Task statement:
Where a record holds a picture, leave the picture out; otherwise repeat every record exactly.

Extracted records:
# # #

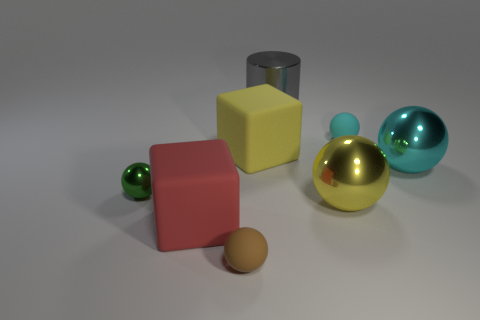How many cylinders are either big gray metal objects or small cyan objects?
Offer a terse response. 1. What number of large objects are both to the right of the big red thing and in front of the gray metal cylinder?
Your answer should be very brief. 3. There is a yellow sphere; is it the same size as the rubber ball behind the brown rubber thing?
Your response must be concise. No. Are there any shiny things that are to the left of the large rubber block that is behind the big yellow object that is in front of the small green metal thing?
Provide a short and direct response. Yes. What is the cyan thing in front of the large yellow matte block that is in front of the gray cylinder made of?
Keep it short and to the point. Metal. There is a small object that is both right of the green thing and left of the tiny cyan rubber thing; what is its material?
Offer a very short reply. Rubber. Is there a large blue metallic object of the same shape as the big yellow rubber thing?
Your answer should be very brief. No. Is there a metallic cylinder that is on the right side of the small object that is on the right side of the large gray cylinder?
Make the answer very short. No. What number of tiny green things have the same material as the small cyan sphere?
Offer a very short reply. 0. Is there a large gray ball?
Provide a short and direct response. No.

# # #

Answer:
How many cylinders are either big gray metal objects or small cyan objects?
Offer a terse response. 1. What number of large objects are both to the right of the big red thing and in front of the gray metal cylinder?
Your answer should be very brief. 3. There is a yellow sphere; is it the same size as the rubber ball behind the brown rubber thing?
Your response must be concise. No. Are there any shiny things that are to the left of the large rubber block that is behind the big yellow object that is in front of the small green metal thing?
Provide a short and direct response. Yes. What is the cyan thing in front of the large yellow matte block that is in front of the gray cylinder made of?
Keep it short and to the point. Metal. There is a small object that is both right of the green thing and left of the tiny cyan rubber thing; what is its material?
Offer a very short reply. Rubber. Is there a large blue metallic object of the same shape as the big yellow rubber thing?
Your answer should be very brief. No. Is there a metallic cylinder that is on the right side of the small object that is on the right side of the large gray cylinder?
Make the answer very short. No. What number of tiny green things have the same material as the small cyan sphere?
Offer a very short reply. 0. Is there a large gray ball?
Provide a short and direct response. No.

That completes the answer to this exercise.